Hello everyone,
I have zero knowledge about bioinformatics and I am sorry about if this question comes as oblivious but I've done lots of research and couldn't find an answer.
Let's say I have FASTQ file and I need to find most frequent 25 K-mers (k=30) in this file. What should be the algorithmic approach?
Let's say file is something like this:
@SEQ_ID
GATTTGGGGTTCAAAGCAGTATCGATCAAATAGTAAATCCATTTGTTCAACTCACAGTTT
+
!''*((((***+))%%%++)(%%%%).1***-+*''))**55CCF>>>>>>CCCCCCC65
@SEQ_ID
GATTTGGGAGTAAATCCATTTGTTCAACTCACAGTTTGTTCAAAGCAGTATCGATCAAAT
+
!''*((((***+))%%%++)(%%%%).1***-+*''))**55CCF>>>>>>CCCCCCC65
What I do is, I first read the first line after @SEQ_ID
and find all possible 30-mers (as substrings) from it, then I move on the second sequence after second @SEQ_ID
and find 30-mers from there as well.
However, I couldn't find any information about: Should I concatenate these two strings together and look for k-mers there?
In other words, should I count (for example) last 10 characters of the first line and first 20 characters of second line as a k-mer?
Thank you
Thanks for the answer Matt. Any text editor on Mac is just freezing trying to open the output khmer produces. Any ideas?
man less?............
It produces a binary file. Makes no sense.

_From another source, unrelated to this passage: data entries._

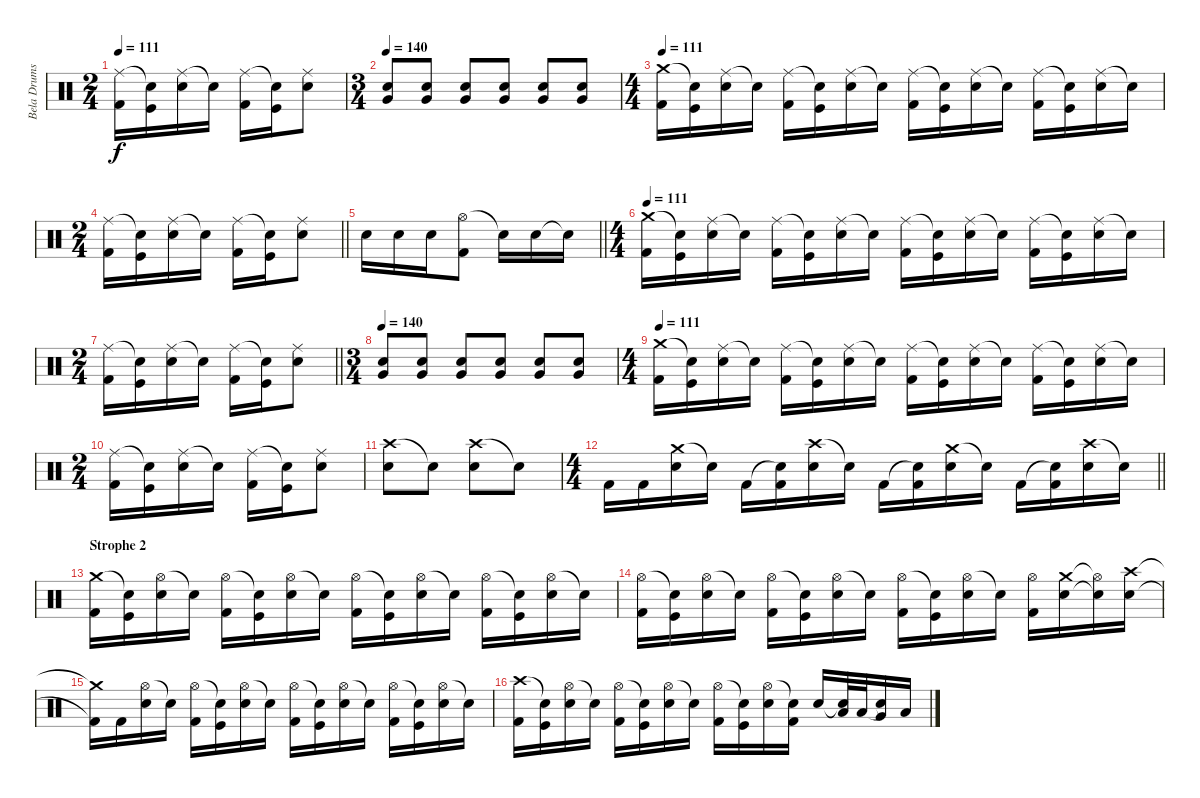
\track ("Bela Drums" "Bela Drums") {instrument percussion}
\staff {score}
\articulation defaults
\ts (2 4)
\tempo 111
\clef neutral
\ks c
("Ride (middle)" "Kick (hit) 2").16{dy f} ("Snare (hit)"{t} "Kick (hit)").16 ("Ride (middle)" "Snare (hit) 2").16 "Snare (hit)"{t}.16 ("Ride (middle)" "Kick (hit) 2").16 ("Snare (hit)"{t} "Kick (hit)").16 ("Ride (middle)" "Snare (hit) 2").8 |
\ts (3 4)
\tempo 140
("Very Low Tom (hit)" "Snare (hit) 2").8 ("Very Low Tom (hit)" "Snare (hit) 2").8 ("Very Low Tom (hit)" "Snare (hit) 2").8 ("Very Low Tom (hit)" "Snare (hit) 2").8 ("Very Low Tom (hit)" "Snare (hit) 2").8 ("Very Low Tom (hit)" "Snare (hit) 2").8 |
\ts (4 4)
\tempo 111
("Crash medium (hit)" "Kick (hit) 2").16 ("Snare (hit)"{t} "Kick (hit)").16 ("Ride (middle)" "Snare (hit) 2").16 "Snare (hit)"{t}.16 ("Ride (middle)" "Kick (hit) 2").16 ("Snare (hit)"{t} "Kick (hit)").16 ("Ride (middle)" "Snare (hit) 2").16 "Snare (hit)"{t}.16 ("Ride (middle)" "Kick (hit) 2").16 ("Snare (hit)"{t} "Kick (hit)").16 ("Ride (middle)" "Snare (hit) 2").16 "Snare (hit)"{t}.16 ("Ride (middle)" "Kick (hit) 2").16 ("Snare (hit)"{t} "Kick (hit)").16 ("Ride (middle)" "Snare (hit) 2").16 "Snare (hit)"{t}.16 |
\ts (2 4)
\barLineRight lightlight
("Ride (middle)" "Kick (hit) 2").16 ("Snare (hit)"{t} "Kick (hit)").16 ("Ride (middle)" "Snare (hit) 2").16 "Snare (hit)"{t}.16 ("Ride (middle)" "Kick (hit) 2").16 ("Snare (hit)"{t} "Kick (hit)").16 ("Ride (middle)" "Snare (hit) 2").8 |
\barLineRight lightlight "Snare (hit) 2".16 "Snare (hit) 2".16 "Snare (hit) 2".16
("Hi-Hat (open)" "Kick (hit) 2").8 "Snare (hit) 2"{t}.16 "Snare (hit) 2".16 "Snare (hit) 2"{t}.16 |
\ts (4 4)
\tempo 111
("Crash medium (hit)" "Kick (hit) 2").16 ("Snare (hit)"{t} "Kick (hit)").16 ("Ride (middle)" "Snare (hit) 2").16 "Snare (hit)"{t}.16 ("Ride (middle)" "Kick (hit) 2").16 ("Snare (hit)"{t} "Kick (hit)").16 ("Ride (middle)" "Snare (hit) 2").16 "Snare (hit)"{t}.16 ("Ride (middle)" "Kick (hit) 2").16 ("Snare (hit)"{t} "Kick (hit)").16 ("Ride (middle)" "Snare (hit) 2").16 "Snare (hit)"{t}.16 ("Ride (middle)" "Kick (hit) 2").16 ("Snare (hit)"{t} "Kick (hit)").16 ("Ride (middle)" "Snare (hit) 2").16 "Snare (hit)"{t}.16 |
\ts (2 4)
\barLineRight lightlight
("Ride (middle)" "Kick (hit) 2").16 ("Snare (hit)"{t} "Kick (hit)").16 ("Ride (middle)" "Snare (hit) 2").16 "Snare (hit)"{t}.16 ("Ride (middle)" "Kick (hit) 2").16 ("Snare (hit)"{t} "Kick (hit)").16 ("Ride (middle)" "Snare (hit) 2").8 |
\ts (3 4)
\tempo 140
("Very Low Tom (hit)" "Snare (hit) 2").8 ("Very Low Tom (hit)" "Snare (hit) 2").8 ("Very Low Tom (hit)" "Snare (hit) 2").8 ("Very Low Tom (hit)" "Snare (hit) 2").8 ("Very Low Tom (hit)" "Snare (hit) 2").8 ("Very Low Tom (hit)" "Snare (hit) 2").8 |
\ts (4 4)
\tempo 111
("Crash medium (hit)" "Kick (hit) 2").16 ("Snare (hit)"{t} "Kick (hit)").16 ("Ride (middle)" "Snare (hit) 2").16 "Snare (hit)"{t}.16 ("Ride (middle)" "Kick (hit) 2").16 ("Snare (hit)"{t} "Kick (hit)").16 ("Ride (middle)" "Snare (hit) 2").16 "Snare (hit)"{t}.16 ("Ride (middle)" "Kick (hit) 2").16 ("Snare (hit)"{t} "Kick (hit)").16 ("Ride (middle)" "Snare (hit) 2").16 "Snare (hit)"{t}.16 ("Ride (middle)" "Kick (hit) 2").16 ("Snare (hit)"{t} "Kick (hit)").16 ("Ride (middle)" "Snare (hit) 2").16 "Snare (hit)"{t}.16 |
\ts (2 4)
("Ride (middle)" "Kick (hit) 2").16 ("Snare (hit)"{t} "Kick (hit)").16 ("Ride (middle)" "Snare (hit) 2").16 "Snare (hit)"{t}.16 ("Ride (middle)" "Kick (hit) 2").16 ("Snare (hit)"{t} "Kick (hit)").16 ("Ride (middle)" "Snare (hit) 2").8 |
("Crash high (hit)" "Snare (hit) 2").8 "Snare (hit)"{t}.8 ("Crash high (hit)" "Snare (hit) 2").8 "Snare (hit)"{t}.8 |
\ts (4 4)
\barLineRight lightlight "Kick (hit) 2".16 "Kick (hit) 2".16
("Crash medium (hit)" "Snare (hit) 2").16 "Snare (hit)"{t}.16 "Kick (hit) 2".16 ("Snare (hit)"{t} "Kick (hit) 2").16 ("Crash high (hit)" "Snare (hit) 2").16 "Snare (hit)"{t}.16 "Kick (hit) 2".16 ("Snare (hit)"{t} "Kick (hit) 2").16 ("Crash medium (hit)" "Snare (hit) 2").16 "Snare (hit)"{t}.16 "Kick (hit) 2".16 ("Snare (hit)"{t} "Kick (hit) 2").16 ("Crash high (hit)" "Snare (hit) 2").16 "Snare (hit)"{t}.16 |
\section ("" "Strophe 2")
("Crash medium (hit)" "Kick (hit) 2").16 ("Snare (hit)"{t} "Kick (hit)").16 ("Hi-Hat (open)" "Snare (hit) 2").16 "Snare (hit)"{t}.16 ("Hi-Hat (open)" "Kick (hit) 2").16 ("Snare (hit)"{t} "Kick (hit)").16 ("Hi-Hat (open)" "Snare (hit) 2").16 "Snare (hit)"{t}.16 ("Hi-Hat (open)" "Kick (hit) 2").16 ("Snare (hit)"{t} "Kick (hit)").16 ("Hi-Hat (open)" "Snare (hit) 2").16 "Snare (hit)"{t}.16 ("Hi-Hat (open)" "Kick (hit) 2").16 ("Snare (hit)"{t} "Kick (hit)").16 ("Hi-Hat (open)" "Snare (hit) 2").16 "Snare (hit)"{t}.16 |
("Hi-Hat (open)" "Kick (hit) 2").16 ("Snare (hit)"{t} "Kick (hit)").16 ("Hi-Hat (open)" "Snare (hit) 2").16 "Snare (hit)"{t}.16 ("Hi-Hat (open)" "Kick (hit) 2").16 ("Snare (hit)"{t} "Kick (hit)").16 ("Hi-Hat (open)" "Snare (hit) 2").16 "Snare (hit)"{t}.16 ("Hi-Hat (open)" "Kick (hit) 2").16 ("Snare (hit)"{t} "Kick (hit)").16 ("Hi-Hat (open)" "Snare (hit) 2").16 "Snare (hit)"{t}.16 ("Hi-Hat (open)" "Kick (hit) 2").16 ("Crash medium (hit)" "Snare (hit) 2").16 ("Hi-Hat (open)"{t} "Snare (hit) 2"{t}).16 ("Crash high (hit)" "Snare (hit) 2").16 |
("Crash medium (hit)"{t} "Kick (hit) 2"{t}).16 "Kick (hit) 2".16 ("Hi-Hat (open)" "Snare (hit) 2").16 "Snare (hit)"{t}.16 ("Hi-Hat (open)" "Kick (hit) 2").16 ("Snare (hit)"{t} "Kick (hit)").16 ("Hi-Hat (open)" "Snare (hit) 2").16 "Snare (hit)"{t}.16 ("Hi-Hat (open)" "Kick (hit) 2").16 ("Snare (hit)"{t} "Kick (hit)").16 ("Hi-Hat (open)" "Snare (hit) 2").16 "Snare (hit)"{t}.16 ("Hi-Hat (open)" "Kick (hit) 2").16 ("Snare (hit)"{t} "Kick (hit)").16 ("Hi-Hat (open)" "Snare (hit) 2").16 "Snare (hit)"{t}.16 |
("Crash high (hit)" "Kick (hit) 2").16 ("Snare (hit)"{t} "Kick (hit)").16 ("Hi-Hat (open)" "Snare (hit) 2").16 "Snare (hit)"{t}.16 ("Hi-Hat (open)" "Kick (hit) 2").16 ("Snare (hit)"{t} "Kick (hit)").16 ("Hi-Hat (open)" "Snare (hit) 2").16 "Snare (hit)"{t}.16 ("Hi-Hat (open)" "Kick (hit) 2").16 ("Snare (hit)"{t} "Kick (hit)").16 ("Hi-Hat (open)" "Snare (hit) 2").16 ("Snare (hit)"{t} "Kick (hit) 2").16 "Snare (hit) 2".16 ("Snare (hit)"{t} "Low Tom (hit)").32 "Low Tom (hit)".32 ("Snare (hit)"{t} "Very Low Tom (hit)").16 "Low Floor Tom (hit)".16

If you provide information about which script you ran and with what parameters I might be able to help. If you're using the
load-into-counting.py
script then you need to process the output mer graph (probably your binary file) using theabundance-dist.py
script.After reading the docs and this answer, it's more clear. Thank you very much for the help Matt!